---------- DATA RECORDS

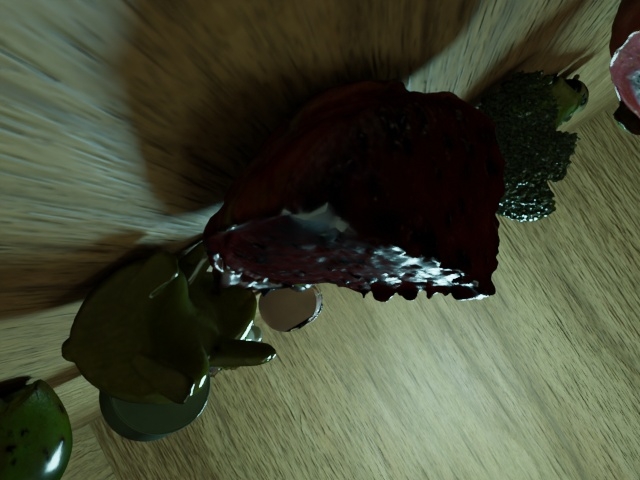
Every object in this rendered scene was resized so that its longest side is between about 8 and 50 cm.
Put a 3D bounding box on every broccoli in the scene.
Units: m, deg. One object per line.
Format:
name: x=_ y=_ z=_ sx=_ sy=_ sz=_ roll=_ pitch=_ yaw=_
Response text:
broccoli: x=0.362 y=-0.180 z=0.911 sx=0.361 sy=0.221 sz=0.251 roll=-22 pitch=132 yaw=-52

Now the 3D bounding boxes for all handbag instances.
handbag: x=-0.091 y=0.198 z=1.599 sx=0.205 sy=0.179 sz=0.116 roll=-32 pitch=179 yaw=15

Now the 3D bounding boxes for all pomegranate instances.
pomegranate: x=-0.570 y=0.393 z=0.819 sx=0.310 sy=0.216 sz=0.359 roll=-28 pitch=174 yaw=-46

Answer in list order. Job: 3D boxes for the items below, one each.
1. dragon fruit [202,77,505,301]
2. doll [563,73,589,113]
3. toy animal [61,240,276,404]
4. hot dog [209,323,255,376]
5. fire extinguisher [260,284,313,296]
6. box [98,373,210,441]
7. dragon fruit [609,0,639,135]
dragon fruit: x=-0.013 y=-0.062 z=0.543 sx=0.286 sy=0.227 sz=0.329 roll=17 pitch=163 yaw=-36
doll: x=0.523 y=-0.300 z=1.084 sx=0.089 sy=0.101 sz=0.179 roll=7 pitch=179 yaw=10
toy animal: x=-0.160 y=0.102 z=0.700 sx=0.181 sy=0.181 sz=0.363 roll=-23 pitch=174 yaw=22
hot dog: x=-0.343 y=0.344 z=1.543 sx=0.267 sy=0.174 sz=0.388 roll=-21 pitch=168 yaw=-44
fire extinguisher: x=-0.006 y=0.038 z=1.135 sx=0.344 sy=0.102 sz=0.138 roll=-32 pitch=174 yaw=11
box: x=-0.391 y=0.347 z=1.181 sx=0.226 sy=0.226 sz=0.149 roll=-25 pitch=170 yaw=-39
dragon fruit: x=0.521 y=-0.238 z=0.664 sx=0.189 sy=0.291 sz=0.290 roll=-51 pitch=171 yaw=2
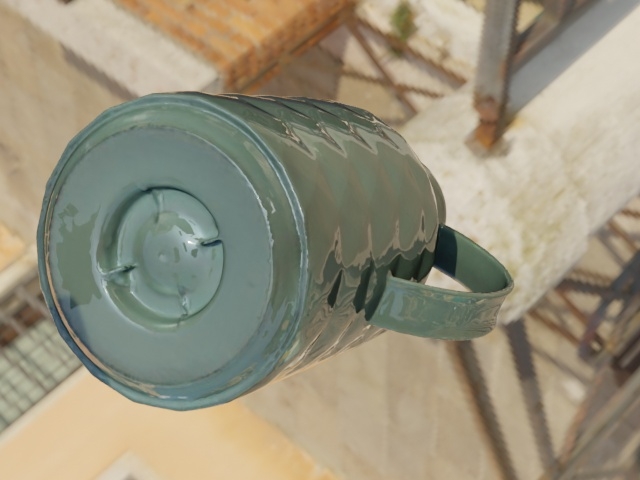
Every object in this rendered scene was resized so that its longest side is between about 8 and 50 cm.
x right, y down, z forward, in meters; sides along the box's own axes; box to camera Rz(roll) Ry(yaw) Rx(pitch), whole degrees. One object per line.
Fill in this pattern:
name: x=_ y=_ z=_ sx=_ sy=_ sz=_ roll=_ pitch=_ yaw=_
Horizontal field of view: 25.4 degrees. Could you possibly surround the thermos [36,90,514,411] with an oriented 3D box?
thermos: x=0.000 y=0.000 z=0.745 sx=0.182 sy=0.286 sz=0.145 roll=29 pitch=107 yaw=21
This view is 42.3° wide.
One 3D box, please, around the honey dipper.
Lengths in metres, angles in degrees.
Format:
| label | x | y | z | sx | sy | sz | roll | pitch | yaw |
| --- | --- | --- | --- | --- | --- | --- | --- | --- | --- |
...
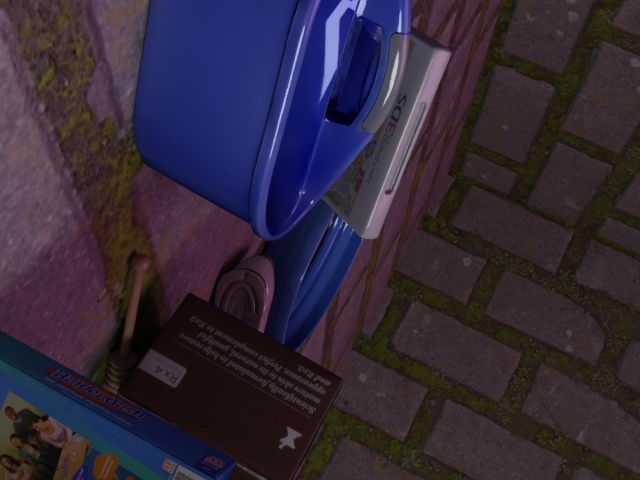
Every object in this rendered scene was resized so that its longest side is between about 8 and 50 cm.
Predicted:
| label | x | y | z | sx | sy | sz | roll | pitch | yaw |
| --- | --- | --- | --- | --- | --- | --- | --- | --- | --- |
| honey dipper | -0.188 | 0.083 | 0.818 | 0.030 | 0.030 | 0.161 | -46 | 157 | -58 |

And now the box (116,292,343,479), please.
| label | x | y | z | sx | sy | sz | roll | pitch | yaw |
| --- | --- | --- | --- | --- | --- | --- | --- | --- | --- |
| box | -0.115 | 0.228 | 0.969 | 0.143 | 0.191 | 0.381 | -58 | 175 | -27 |

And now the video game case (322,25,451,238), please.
| label | x | y | z | sx | sy | sz | roll | pitch | yaw |
| --- | --- | --- | --- | --- | --- | --- | --- | --- | --- |
| video game case | 0.026 | -0.147 | 0.873 | 0.026 | 0.227 | 0.206 | 0 | 122 | -35 |

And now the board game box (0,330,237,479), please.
| label | x | y | z | sx | sy | sz | roll | pitch | yaw |
| --- | --- | --- | --- | --- | --- | --- | --- | --- | --- |
| board game box | -0.186 | 0.178 | 0.573 | 0.160 | 0.210 | 0.047 | -64 | 170 | 4 |

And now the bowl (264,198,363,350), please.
| label | x | y | z | sx | sy | sz | roll | pitch | yaw |
| --- | --- | --- | --- | --- | --- | --- | --- | --- | --- |
| bowl | 0.000 | 0.000 | 1.375 | 0.391 | 0.077 | 0.391 | -60 | 169 | -21 |

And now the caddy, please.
| label | x | y | z | sx | sy | sz | roll | pitch | yaw |
| --- | --- | --- | --- | --- | --- | --- | --- | --- | --- |
| caddy | -0.013 | -0.163 | 0.693 | 0.241 | 0.179 | 0.341 | -48 | 160 | -53 |

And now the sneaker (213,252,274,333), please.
| label | x | y | z | sx | sy | sz | roll | pitch | yaw |
| --- | --- | --- | --- | --- | --- | --- | --- | --- | --- |
| sneaker | -0.113 | 0.130 | 1.139 | 0.095 | 0.090 | 0.235 | -62 | 175 | -67 |

--------------------

» PROBLEM DETAILS:
Everything in the records above except the pictures is to be reproduced word for word.

» SOLUTION FOR THIS TASK:
Every object in this rendered scene was resized so that its longest side is between about 8 and 50 cm.
Put a 3D bounding box on every broccoli in the scene.
Units: m, deg. One object per line.
Format:
name: x=_ y=_ z=_ sx=_ sy=_ sz=_ roll=_ pitch=_ yaw=_
Response text:
broccoli: x=0.362 y=-0.180 z=0.911 sx=0.361 sy=0.221 sz=0.251 roll=-22 pitch=132 yaw=-52

Now the 3D bounding boxes for all handbag instances.
handbag: x=-0.091 y=0.198 z=1.599 sx=0.205 sy=0.179 sz=0.116 roll=-32 pitch=179 yaw=15

Now the 3D bounding boxes for all pomegranate instances.
pomegranate: x=-0.570 y=0.393 z=0.819 sx=0.310 sy=0.216 sz=0.359 roll=-28 pitch=174 yaw=-46

Answer in list order. Job: 3D boxes for the items below, one each.
1. dragon fruit [202,77,505,301]
2. doll [563,73,589,113]
3. toy animal [61,240,276,404]
4. hot dog [209,323,255,376]
5. fire extinguisher [260,284,313,296]
6. box [98,373,210,441]
7. dragon fruit [609,0,639,135]
dragon fruit: x=-0.013 y=-0.062 z=0.543 sx=0.286 sy=0.227 sz=0.329 roll=17 pitch=163 yaw=-36
doll: x=0.523 y=-0.300 z=1.084 sx=0.089 sy=0.101 sz=0.179 roll=7 pitch=179 yaw=10
toy animal: x=-0.160 y=0.102 z=0.700 sx=0.181 sy=0.181 sz=0.363 roll=-23 pitch=174 yaw=22
hot dog: x=-0.343 y=0.344 z=1.543 sx=0.267 sy=0.174 sz=0.388 roll=-21 pitch=168 yaw=-44
fire extinguisher: x=-0.006 y=0.038 z=1.135 sx=0.344 sy=0.102 sz=0.138 roll=-32 pitch=174 yaw=11
box: x=-0.391 y=0.347 z=1.181 sx=0.226 sy=0.226 sz=0.149 roll=-25 pitch=170 yaw=-39
dragon fruit: x=0.521 y=-0.238 z=0.664 sx=0.189 sy=0.291 sz=0.290 roll=-51 pitch=171 yaw=2
Every object in this rendered scene was resized so that its longest side is between about 8 and 50 cm.
x right, y down, z forward, in meters; sides along the box's own axes; box to camera Rz(roll) Ry(yaw) Rx(pitch), whole degrees. One object per line.
Fill in this pattern:
name: x=_ y=_ z=_ sx=_ sy=_ sz=_ roll=_ pitch=_ yaw=_
Horizontal field of view: 25.4 degrees. Could you possibly surround the thermos [36,90,514,411] with an oriented 3D box?
thermos: x=0.000 y=0.000 z=0.745 sx=0.182 sy=0.286 sz=0.145 roll=29 pitch=107 yaw=21
This view is 42.3° wide.
One 3D box, please, around the honey dipper.
Lengths in metres, angles in degrees.
Format:
| label | x | y | z | sx | sy | sz | roll | pitch | yaw |
| --- | --- | --- | --- | --- | --- | --- | --- | --- | --- |
...
Every object in this rendered scene was resized so that its longest side is between about 8 and 50 cm.
Predicted:
| label | x | y | z | sx | sy | sz | roll | pitch | yaw |
| --- | --- | --- | --- | --- | --- | --- | --- | --- | --- |
| honey dipper | -0.188 | 0.083 | 0.818 | 0.030 | 0.030 | 0.161 | -46 | 157 | -58 |

And now the box (116,292,343,479), please.
| label | x | y | z | sx | sy | sz | roll | pitch | yaw |
| --- | --- | --- | --- | --- | --- | --- | --- | --- | --- |
| box | -0.115 | 0.228 | 0.969 | 0.143 | 0.191 | 0.381 | -58 | 175 | -27 |

And now the video game case (322,25,451,238), please.
| label | x | y | z | sx | sy | sz | roll | pitch | yaw |
| --- | --- | --- | --- | --- | --- | --- | --- | --- | --- |
| video game case | 0.026 | -0.147 | 0.873 | 0.026 | 0.227 | 0.206 | 0 | 122 | -35 |

And now the board game box (0,330,237,479), please.
| label | x | y | z | sx | sy | sz | roll | pitch | yaw |
| --- | --- | --- | --- | --- | --- | --- | --- | --- | --- |
| board game box | -0.186 | 0.178 | 0.573 | 0.160 | 0.210 | 0.047 | -64 | 170 | 4 |

And now the bowl (264,198,363,350), please.
| label | x | y | z | sx | sy | sz | roll | pitch | yaw |
| --- | --- | --- | --- | --- | --- | --- | --- | --- | --- |
| bowl | 0.000 | 0.000 | 1.375 | 0.391 | 0.077 | 0.391 | -60 | 169 | -21 |

And now the caddy, please.
| label | x | y | z | sx | sy | sz | roll | pitch | yaw |
| --- | --- | --- | --- | --- | --- | --- | --- | --- | --- |
| caddy | -0.013 | -0.163 | 0.693 | 0.241 | 0.179 | 0.341 | -48 | 160 | -53 |

And now the sneaker (213,252,274,333), please.
| label | x | y | z | sx | sy | sz | roll | pitch | yaw |
| --- | --- | --- | --- | --- | --- | --- | --- | --- | --- |
| sneaker | -0.113 | 0.130 | 1.139 | 0.095 | 0.090 | 0.235 | -62 | 175 | -67 |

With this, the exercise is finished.